## Task goal
Produce a faithful copy of the data, one that leaves out the pictures.

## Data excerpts
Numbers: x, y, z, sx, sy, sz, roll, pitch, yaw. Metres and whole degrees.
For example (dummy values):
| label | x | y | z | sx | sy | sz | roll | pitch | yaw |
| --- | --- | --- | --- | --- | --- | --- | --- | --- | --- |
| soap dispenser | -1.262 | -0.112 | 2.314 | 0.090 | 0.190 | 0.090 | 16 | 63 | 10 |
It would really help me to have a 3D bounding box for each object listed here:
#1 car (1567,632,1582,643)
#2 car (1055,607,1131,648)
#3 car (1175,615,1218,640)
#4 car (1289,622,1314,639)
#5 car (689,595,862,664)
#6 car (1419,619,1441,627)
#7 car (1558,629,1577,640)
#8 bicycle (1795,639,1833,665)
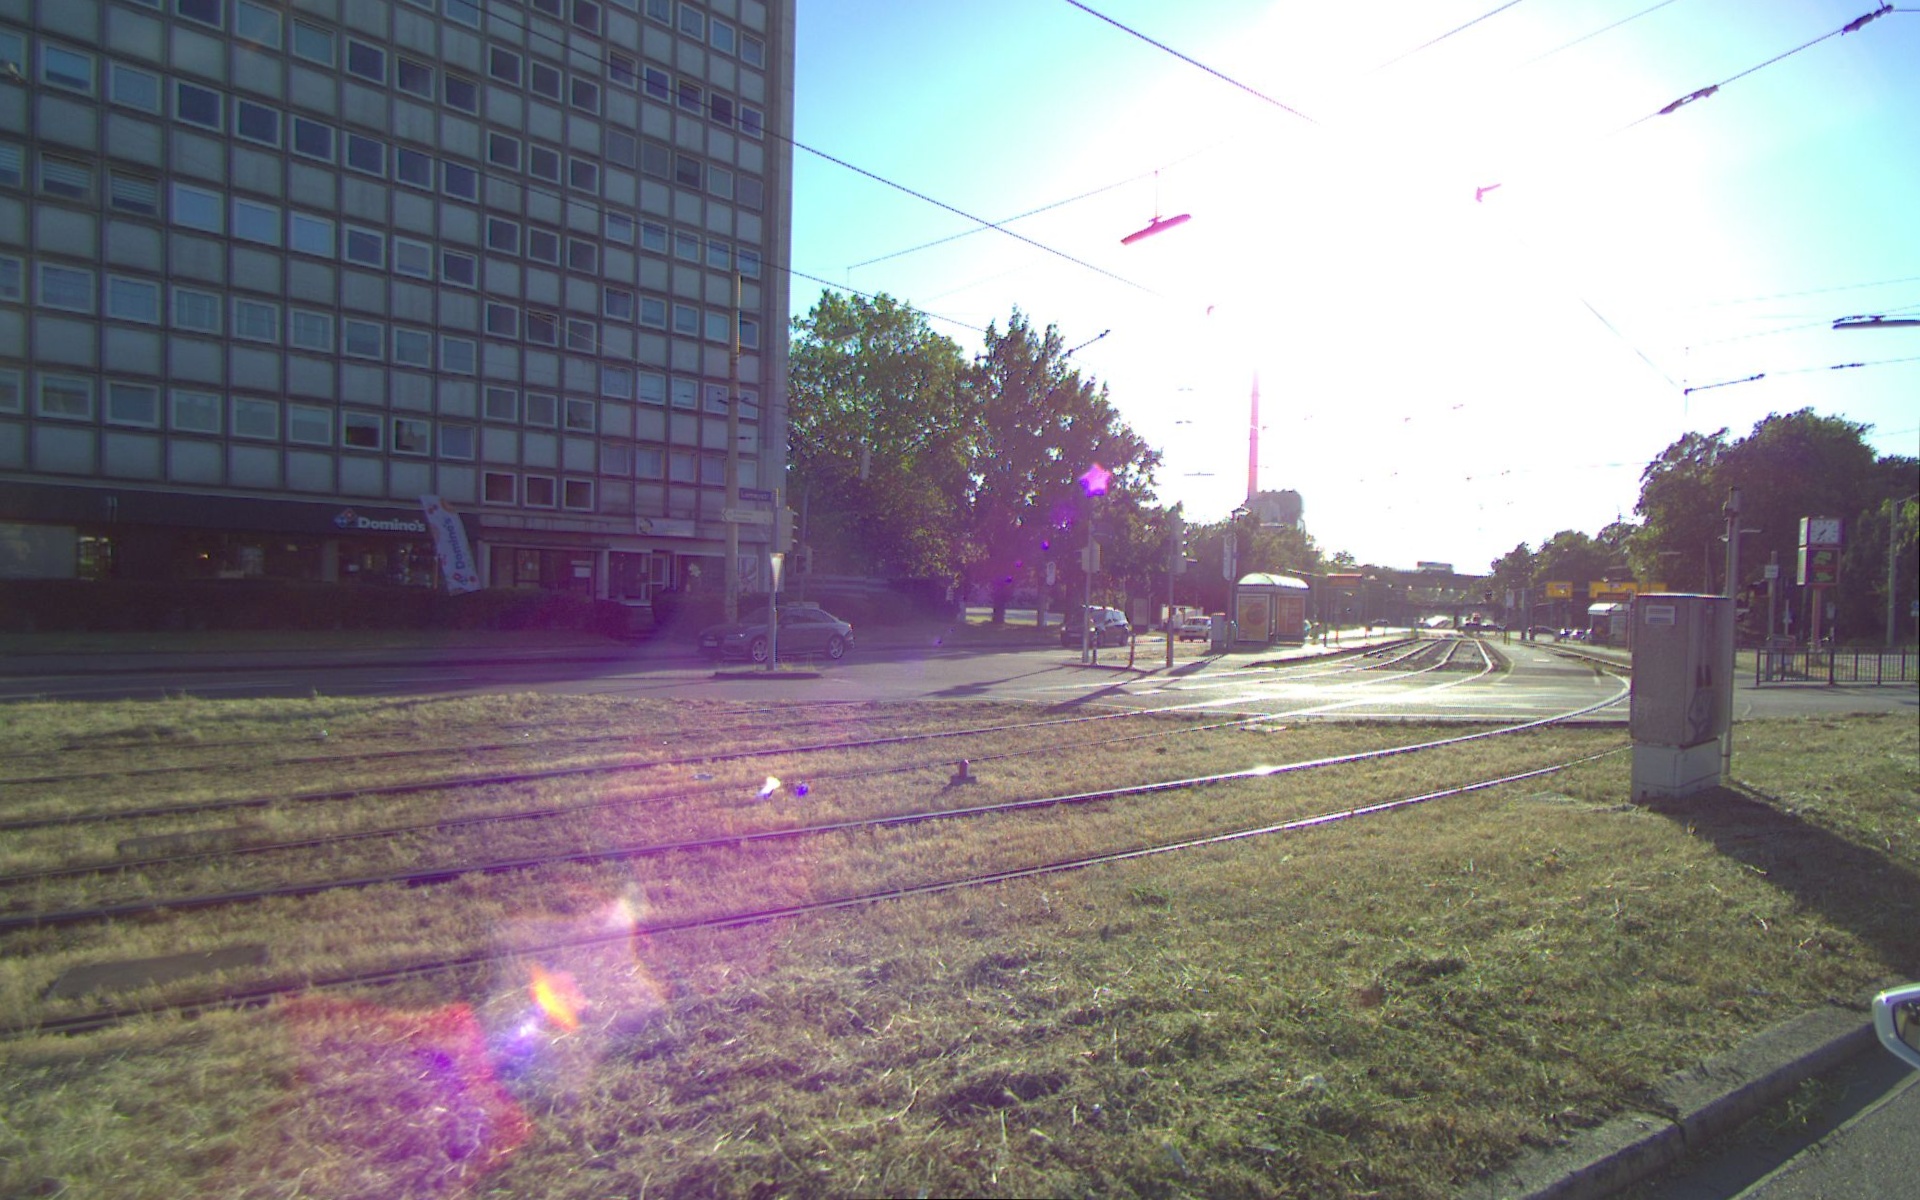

## Answer area
Numbers: x, y, z, sx, sy, sz, roll, pitch, yaw. Metres and whole degrees.
For example (dummy values):
| label | x | y | z | sx | sy | sz | roll | pitch | yaw |
| --- | --- | --- | --- | --- | --- | --- | --- | --- | --- |
| soap dispenser | -1.262 | -0.112 | 2.314 | 0.090 | 0.190 | 0.090 | 16 | 63 | 10 |
It would really help me to have a 3D bounding box for each object listed here:
#1 car (1567,632,1582,643)
#2 car (1055,607,1131,648)
#3 car (1175,615,1218,640)
#4 car (1289,622,1314,639)
#5 car (689,595,862,664)
#6 car (1419,619,1441,627)
#7 car (1558,629,1577,640)
#8 bicycle (1795,639,1833,665)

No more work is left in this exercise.